- Opening Delimiter -

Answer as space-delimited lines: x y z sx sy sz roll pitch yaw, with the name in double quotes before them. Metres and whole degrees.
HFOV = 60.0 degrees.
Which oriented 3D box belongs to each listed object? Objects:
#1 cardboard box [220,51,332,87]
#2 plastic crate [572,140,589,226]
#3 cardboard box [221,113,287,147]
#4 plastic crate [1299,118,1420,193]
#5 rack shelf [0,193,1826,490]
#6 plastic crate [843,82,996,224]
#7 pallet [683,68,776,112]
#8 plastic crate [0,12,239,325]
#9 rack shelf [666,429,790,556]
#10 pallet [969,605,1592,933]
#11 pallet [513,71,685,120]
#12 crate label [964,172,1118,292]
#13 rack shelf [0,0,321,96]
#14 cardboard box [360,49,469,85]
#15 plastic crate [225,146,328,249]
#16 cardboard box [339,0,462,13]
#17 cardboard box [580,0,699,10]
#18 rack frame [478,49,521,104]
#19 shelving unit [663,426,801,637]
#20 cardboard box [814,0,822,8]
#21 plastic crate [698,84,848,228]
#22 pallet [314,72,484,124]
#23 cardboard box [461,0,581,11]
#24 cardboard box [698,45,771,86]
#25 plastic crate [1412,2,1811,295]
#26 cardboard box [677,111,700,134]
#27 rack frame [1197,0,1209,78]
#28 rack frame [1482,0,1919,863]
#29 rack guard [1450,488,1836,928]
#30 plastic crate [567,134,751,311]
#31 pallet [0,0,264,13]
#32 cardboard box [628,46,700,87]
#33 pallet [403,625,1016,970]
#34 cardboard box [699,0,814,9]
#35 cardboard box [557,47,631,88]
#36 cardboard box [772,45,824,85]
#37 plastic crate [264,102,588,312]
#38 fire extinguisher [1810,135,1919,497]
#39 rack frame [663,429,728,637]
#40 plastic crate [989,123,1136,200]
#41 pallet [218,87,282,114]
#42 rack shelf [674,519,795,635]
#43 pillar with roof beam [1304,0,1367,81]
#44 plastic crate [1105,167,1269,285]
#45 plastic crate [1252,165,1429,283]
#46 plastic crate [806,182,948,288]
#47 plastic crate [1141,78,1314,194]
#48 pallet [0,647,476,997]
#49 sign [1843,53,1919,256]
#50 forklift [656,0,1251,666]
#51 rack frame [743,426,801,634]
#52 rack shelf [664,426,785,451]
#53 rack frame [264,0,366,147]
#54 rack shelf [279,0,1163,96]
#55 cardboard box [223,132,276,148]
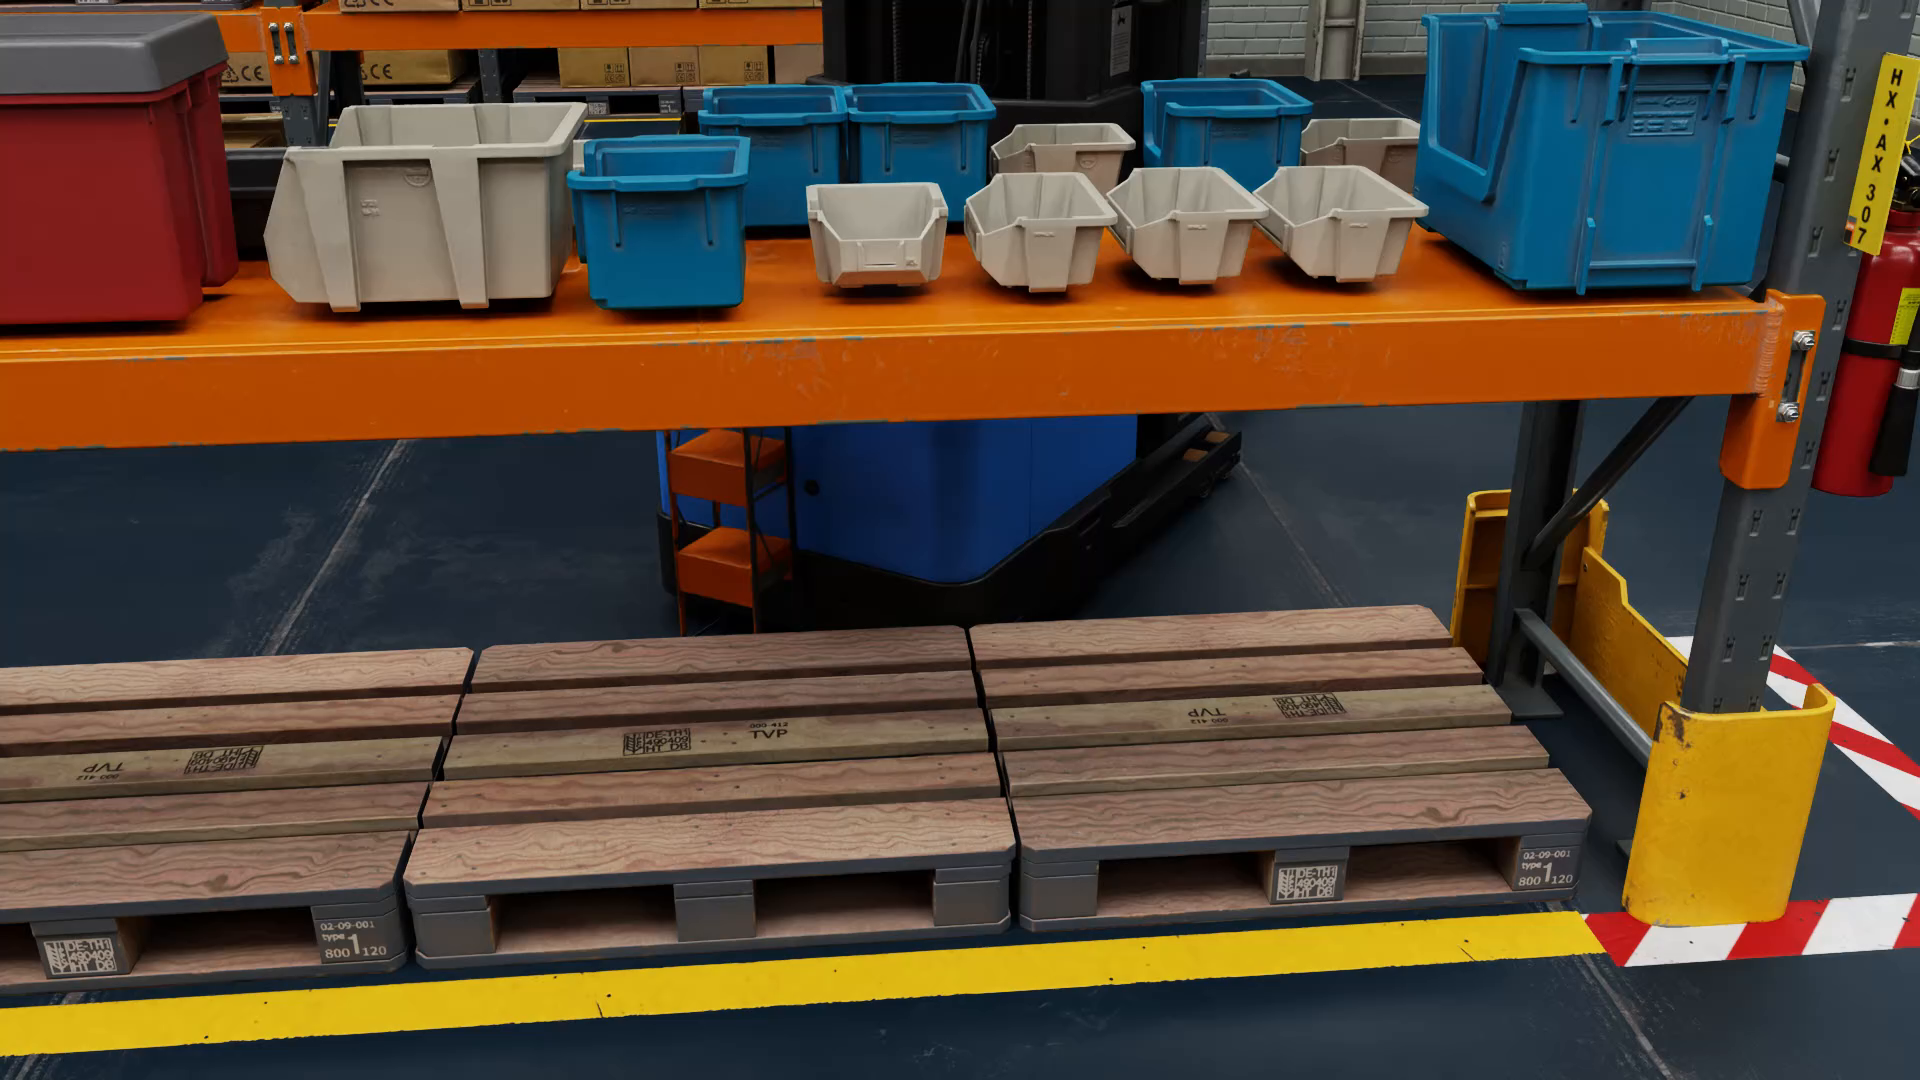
"cardboard box" -4.975 -3.741 12.104 0.750 0.750 0.750 -2 24 -4
"plastic crate" -0.779 -0.740 3.473 0.466 0.136 0.293 -2 24 -5
"cardboard box" -3.471 -1.783 8.104 0.500 0.500 0.500 -3 24 -8
"plastic crate" 0.892 -0.853 3.727 0.298 0.136 0.250 -2 24 -5
"rack shelf" -0.493 -0.394 3.328 4.000 0.370 1.077 -2 24 -5
"plastic crate" -0.091 -0.824 3.542 0.300 0.233 0.416 -2 24 -5
"pallet" -1.475 -3.421 12.688 1.213 0.211 1.003 -2 24 -5
"plastic crate" -1.570 -0.633 2.829 0.583 0.464 0.402 -2 24 -5
"rack shelf" -0.589 -0.136 4.286 0.240 0.259 0.215 11 26 25
"pallet" 0.673 0.489 3.889 1.213 0.211 1.003 -2 24 -5
"pallet" -2.692 -3.371 12.575 1.213 0.211 1.003 -2 24 -5
"crate label" 0.139 -0.577 3.105 0.243 0.136 0.396 -2 24 -5
"rack shelf" -4.956 -2.236 7.474 4.000 0.370 1.077 -2 24 -5
"cardboard box" -4.091 -3.778 12.186 0.750 0.750 0.750 -2 24 -5
"plastic crate" -1.395 -0.697 3.391 0.590 0.125 0.437 -2 24 -5
"cardboard box" -2.432 -2.601 7.285 0.500 0.500 0.500 -2 24 -4
"cardboard box" -1.425 -2.641 7.377 0.500 0.500 0.500 -2 24 -5
"rack frame" -3.457 -4.647 12.012 0.127 3.000 1.000 -2 24 -5
"shelving unit" -0.589 -0.146 4.282 0.252 1.050 0.215 11 26 25
"cardboard box" -0.417 -2.682 7.469 0.500 0.500 0.500 -2 24 -5
"plastic crate" -0.389 -0.812 3.515 0.300 0.233 0.416 -2 24 -5
"pallet" -4.217 -3.311 12.440 1.213 0.211 1.003 -2 24 -5
"cardboard box" -1.923 -2.622 7.334 0.500 0.500 0.500 -2 24 -4
"cardboard box" -1.691 -3.723 12.494 0.500 0.500 0.700 -2 24 -4
"plastic crate" 1.183 -0.757 3.142 0.499 0.435 0.616 -2 24 -5
"cardboard box" -1.097 -1.782 8.098 0.637 0.503 0.797 -2 24 -5
"rack frame" 1.015 -2.804 7.866 0.127 3.000 1.000 -2 24 -5
"rack frame" 1.498 -0.802 3.362 0.127 3.000 1.000 -2 24 -5
"rack guard" 1.520 0.334 3.883 0.348 0.500 1.175 -2 24 -5
"plastic crate" -0.521 -0.567 2.966 0.300 0.233 0.416 -2 24 -5
"pallet" -3.772 -2.569 7.574 1.213 0.211 1.003 -2 24 -5
"cardboard box" -2.202 -3.704 12.450 0.500 0.500 0.700 -3 24 -6
"pallet" -0.538 0.537 3.783 1.213 0.211 1.003 -2 24 -5
"cardboard box" -0.919 -2.662 7.424 0.500 0.500 0.500 -3 24 -6
"cardboard box" -2.702 -3.685 12.408 0.500 0.500 0.700 -2 24 -4
"cardboard box" -1.161 -3.747 12.549 0.500 0.500 0.700 -3 24 -7
"plastic crate" -0.945 -0.602 2.984 0.530 0.282 0.437 -2 24 -5
"fire extinguisher" 1.693 -0.419 3.053 0.183 0.674 0.296 -2 24 -5
"rack frame" -0.697 -0.168 4.334 0.008 1.050 0.200 11 26 25
"plastic crate" 0.217 -0.826 3.666 0.298 0.136 0.250 -2 24 -5
"pallet" -5.434 -3.261 12.328 1.213 0.211 1.003 -2 24 -5
"rack shelf" -0.587 0.119 4.397 0.240 0.259 0.215 11 26 25
"pillar with roof beam" 3.549 -6.265 8.267 0.400 9.000 9.100 -2 24 -5
"plastic crate" 0.414 -0.598 3.152 0.243 0.136 0.396 -2 24 -5
"plastic crate" 0.704 -0.603 3.165 0.243 0.136 0.396 -2 24 -5
"plastic crate" -0.153 -0.557 3.062 0.250 0.136 0.298 -2 24 -5
"plastic crate" 0.565 -0.850 3.602 0.300 0.233 0.416 -2 24 -5
"pallet" -1.755 0.587 3.670 1.213 0.211 1.003 -2 24 -5
"sign" 1.568 -0.655 2.830 0.005 0.325 0.100 -2 24 -5
"forklift" 0.314 -1.561 5.154 1.130 2.935 3.031 13 27 27
"rack frame" -0.481 -0.124 4.230 0.008 1.050 0.200 11 26 25
"rack shelf" -0.591 -0.396 4.172 0.240 0.259 0.215 11 26 25
"rack frame" -2.966 -2.645 7.507 0.127 3.000 1.000 -2 24 -5
"rack shelf" -0.976 -2.396 7.833 4.000 0.370 1.077 -2 24 -5
"cardboard box" -3.429 -1.568 7.621 0.500 0.500 0.500 -2 24 -5

- Closing Delimiter -

_PROMPT_. Which lines of the data contain the word "degrees"? Copy each one.

_RESULT OF THE TASK_.
Answer as space-delimited lines: x y z sx sy sz roll pitch yaw, with the name in double quotes before them. Metres and whole degrees.
HFOV = 60.0 degrees.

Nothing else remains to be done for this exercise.